The present study has a few limitations. Our study population included only 8 patients. This can be explained by the small overall population of Latvia and the rare incidence of these pathologies. Consequently, we also had limitations in the usage of statistical analysis. In this case, only descriptive statistical methods could be used, which did not allow us to make conclusions about the general population. Lastly, only 4 of the 6 patients (1 patient died, and 1 was lost to follow-up) underwent an appropriate assessment of long-term complications, such as dopplerography of the neck vessels.
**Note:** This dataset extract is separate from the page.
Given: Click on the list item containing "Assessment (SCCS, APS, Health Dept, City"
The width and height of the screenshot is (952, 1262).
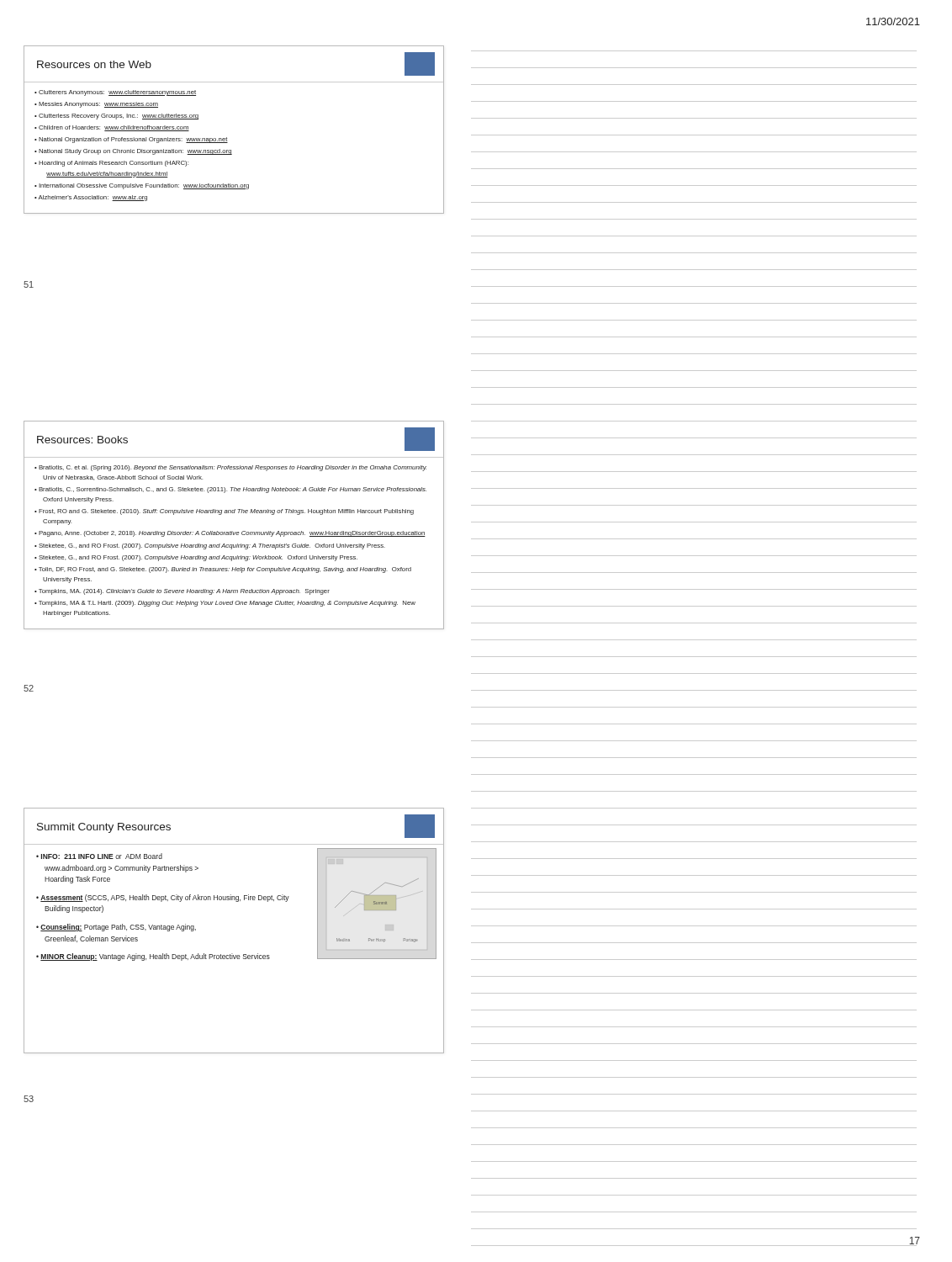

PDA stenting using the transcarotid approach is currently considered a relatively safe method and does not have a greater risk of developing postprocedural complications compared to the transfemoral approach. Transcarotidal PDA stenting in neonates and small infants with ductus dependent critical CHD is possible in small volume paediatric cardiac surgery centre to stabilise the patient prior to definitive surgery or palliation of complex CHD. The vascular access should be chosen depending on the anatomical features of the patient and the competency of the cardiac interventionalist. From our experience, long-term changes in the affected common carotid artery may develop in a substantial number of cases, may not be clinically significant in midterm follow-up period, but have to be reevaluated. However, further randomised studies are necessary with large cohorts and a longer follow-up period.
The authors declare no conflict of interest.